Another issue that strongly affects Qualitative systems is an effect called fading. Fading occurs due to the random nature of the backscattered reflections, occasionally these can add together in such a way to give either a null response to a stimulus or no significant backscattered light. In a quiet environment, these fading effects can render specific channels useless for minutes before environmental conditions change enough to restore sensitivity. In a subsea environment this is generally less of an issue due to the noise of the environment, but it is something to be aware of.
Quantitative DAS
In a quantitative system, the optical backscatter is measured in a different way. Instead of just measuring the amplitude of the backscattered light, the optical phase of the light is measured. There are a number of techniques to achieving this, but all are more complex than simply measuring the amplitude. If the phase is measured, then absolute information about the strain or temperature change can be established Since the fibre effectively becomes a double pass interferometer, a gauge length strain of 0.5 optical wavelengths would give us around one ‘fringe’ (2Pi radians). The wavelength of the light used (typically 1550nm in vacuum)is very close to 1 micron in glass. Straining the fibre also modifies the refractive index of the fibre so in practice we end up with around 10 radians of phase change for each micron of strain. A similar calculation can be done for temperature sensitivity, here we typically get around 1000 radians of phase change for each degree change in temperature (depending on the cable construction and the gauge length). Typical sensitivities of phase measurement are around 0.001 radians (when averaged over a second), so the origin of the extreme sensitivity to change becomes clear.
A quantitative system has a similar sensitivity to a qualitative system (when not faded), but since the changes in phase are tracked, temperature and strain changes can be observed and understood. We can now quantify changes in temperature of the cable, or measure the effect of strain on the fatigue life. Another advantage of tracking phase rather than amplitude is that the distortion of signals is vastly reduced, as discussed above. This creates measurement problems and is best avoided. For example, we may be interested in looking for a 300 Hz grounding signal and need to be sure that the 300 Hz signal that is observed is real, not just a measurement artefact.

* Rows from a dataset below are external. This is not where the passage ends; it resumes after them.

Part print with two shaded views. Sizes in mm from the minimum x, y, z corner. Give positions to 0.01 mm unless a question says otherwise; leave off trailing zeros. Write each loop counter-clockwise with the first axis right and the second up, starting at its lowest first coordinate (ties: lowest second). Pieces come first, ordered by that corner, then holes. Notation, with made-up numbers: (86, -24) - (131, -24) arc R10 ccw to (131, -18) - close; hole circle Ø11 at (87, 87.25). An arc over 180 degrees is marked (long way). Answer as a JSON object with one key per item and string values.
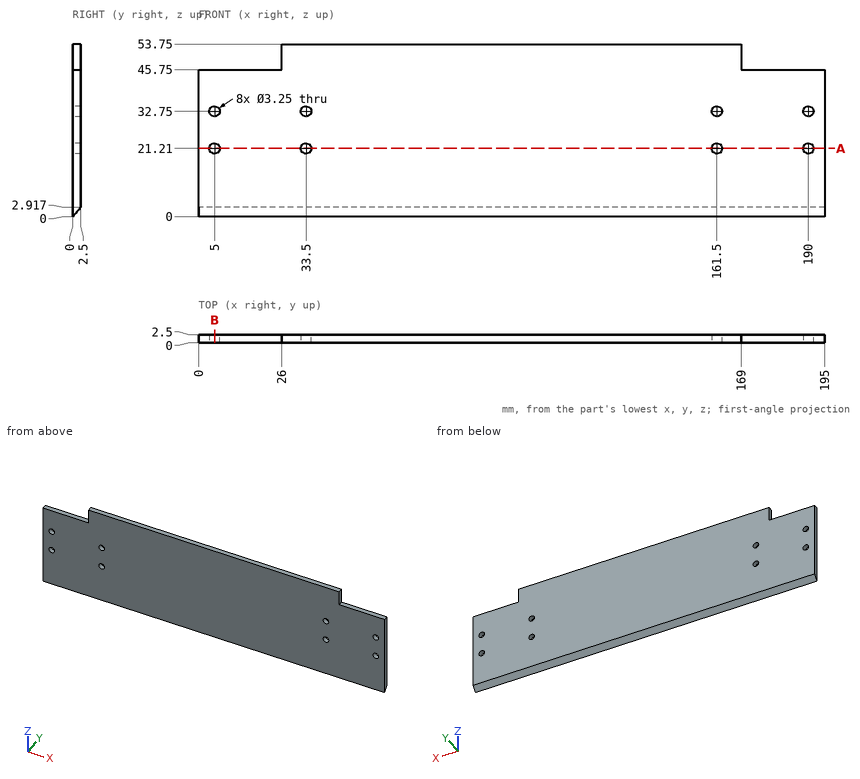
(1) Saw through at A-A, the plane z = 21.21. Give the cut face in (x, y) (3 decimals), and give its area (3 significant figures).
Answer key:
{"outline": "(0, 0) - (3.375, 0) - (3.375, 2.5) - (0, 2.5) - close; (6.625, 0) - (31.875, 0) - (31.875, 2.5) - (6.625, 2.5) - close; (35.125, 0) - (159.875, 0) - (159.875, 2.5) - (35.125, 2.5) - close; (163.125, 0) - (188.375, 0) - (188.375, 2.5) - (163.125, 2.5) - close; (191.625, 0) - (195, 0) - (195, 2.5) - (191.625, 2.5) - close", "area": "455 mm²"}
(2) Flat gauge pins, fed straight in: P1, Ø1.2, axis at x = 177, y = 1, coming from the +Z side; P2, Ø3, axis at x = 190, z = 32.75, coming from the +Y side; P3, Ø0.8, axis at y = 1.5, z = 49.5, coming from the -X side. Where does each tip first touch, or does it go through?
Answer key:
{"P1": "stops at z = 45.75", "P2": "passes through", "P3": "stops at x = 26"}
(3) Probe L1, parallel to X at y = 0.95, z = 32.75 (3 decimals); L2, parallel to Z at x = 118, y = 1.2; L3, parallel to Z at x = 136.5, y = 1.7. List the from-to ranges inside material, lowest first. Write a range as [from, to].
Answer key:
{"L1": "x = [0, 3.375], [6.625, 31.875], [35.125, 159.875], [163.125, 188.375], [191.625, 195]", "L2": "z = [1.4, 53.75]", "L3": "z = [1.98, 53.75]"}
(4) Saw through at B-B, the plane x = 5. State how many separate pieces and enclosed holes the cut face has.
Answer key:
{"separate pieces": "3", "enclosed holes": "0"}

Quantitative systems have also had the benefit of much development in recent years, pushing the maximum range to further than possible with older qualitative machines (without compromising spatial resolution) and also reducing the problems of fading. However, as discussed, they are more expensive, and less amenable to reduction in size and cost. However, the absolute nature of the output enables a much greater array of use cases and they remain the recommended route for most applications.
This figure shows a spectrogram from the same section of export cable shown the figure above, but this time taken using a phase coherent DAS. The 150 Hz harmonic is very faint, and in this case real. The low frequency noise from waves is seen at less than 1 Hz, as it should be.
Conclusions
In summary, qualitative units are best used as a cost effective solution for when specific detection of acoustic events is required – e.g. for locating a failure with a thumper or TDR.
For any sort of quantification or measurement of long-term changes, a quantitative device should be installed. We would always recommend the use of a quantitative device to our clients for permament monitoring systems, but we are often asked to look at data from older qualitative units and these can still deliver value but insight must be taken with an understanding of the inaccuracies of the data.